> [Problem requirements]
Return the exact lines spanning from the line with "Which oriented 3D" through the last line of the entries, boundaries included, and no others.

> [Data shown]
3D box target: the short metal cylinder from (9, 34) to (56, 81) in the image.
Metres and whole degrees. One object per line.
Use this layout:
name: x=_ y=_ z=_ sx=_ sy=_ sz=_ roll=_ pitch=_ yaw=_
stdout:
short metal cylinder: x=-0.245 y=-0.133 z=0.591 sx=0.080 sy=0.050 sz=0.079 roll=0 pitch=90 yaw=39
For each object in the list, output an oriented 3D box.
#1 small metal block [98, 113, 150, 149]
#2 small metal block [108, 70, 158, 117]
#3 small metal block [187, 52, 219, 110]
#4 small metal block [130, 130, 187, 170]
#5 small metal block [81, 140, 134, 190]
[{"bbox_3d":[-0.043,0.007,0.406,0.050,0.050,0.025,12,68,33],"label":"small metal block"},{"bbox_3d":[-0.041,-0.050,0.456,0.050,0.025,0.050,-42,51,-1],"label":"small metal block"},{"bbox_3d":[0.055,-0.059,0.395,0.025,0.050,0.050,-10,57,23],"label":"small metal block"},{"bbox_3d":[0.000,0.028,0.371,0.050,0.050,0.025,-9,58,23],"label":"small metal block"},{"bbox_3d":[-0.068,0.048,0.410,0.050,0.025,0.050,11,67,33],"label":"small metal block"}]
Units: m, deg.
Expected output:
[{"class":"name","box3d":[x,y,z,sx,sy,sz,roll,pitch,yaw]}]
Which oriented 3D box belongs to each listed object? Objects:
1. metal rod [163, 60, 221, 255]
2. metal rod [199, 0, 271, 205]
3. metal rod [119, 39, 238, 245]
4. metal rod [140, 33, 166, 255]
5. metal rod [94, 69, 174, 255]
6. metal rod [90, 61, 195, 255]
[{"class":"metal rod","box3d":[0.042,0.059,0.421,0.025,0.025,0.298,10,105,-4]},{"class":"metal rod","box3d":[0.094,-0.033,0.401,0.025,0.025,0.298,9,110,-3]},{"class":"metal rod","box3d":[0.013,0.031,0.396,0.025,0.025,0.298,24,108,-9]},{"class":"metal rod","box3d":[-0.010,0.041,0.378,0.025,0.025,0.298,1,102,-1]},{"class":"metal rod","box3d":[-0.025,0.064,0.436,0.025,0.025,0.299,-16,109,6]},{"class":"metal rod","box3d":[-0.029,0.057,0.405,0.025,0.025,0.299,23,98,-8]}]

> [Completed task]
Which oriented 3D box belongs to each listed object? Objects:
1. metal rod [163, 60, 221, 255]
2. metal rod [199, 0, 271, 205]
3. metal rod [119, 39, 238, 245]
4. metal rod [140, 33, 166, 255]
5. metal rod [94, 69, 174, 255]
6. metal rod [90, 61, 195, 255]
[{"class":"metal rod","box3d":[0.042,0.059,0.421,0.025,0.025,0.298,10,105,-4]},{"class":"metal rod","box3d":[0.094,-0.033,0.401,0.025,0.025,0.298,9,110,-3]},{"class":"metal rod","box3d":[0.013,0.031,0.396,0.025,0.025,0.298,24,108,-9]},{"class":"metal rod","box3d":[-0.010,0.041,0.378,0.025,0.025,0.298,1,102,-1]},{"class":"metal rod","box3d":[-0.025,0.064,0.436,0.025,0.025,0.299,-16,109,6]},{"class":"metal rod","box3d":[-0.029,0.057,0.405,0.025,0.025,0.299,23,98,-8]}]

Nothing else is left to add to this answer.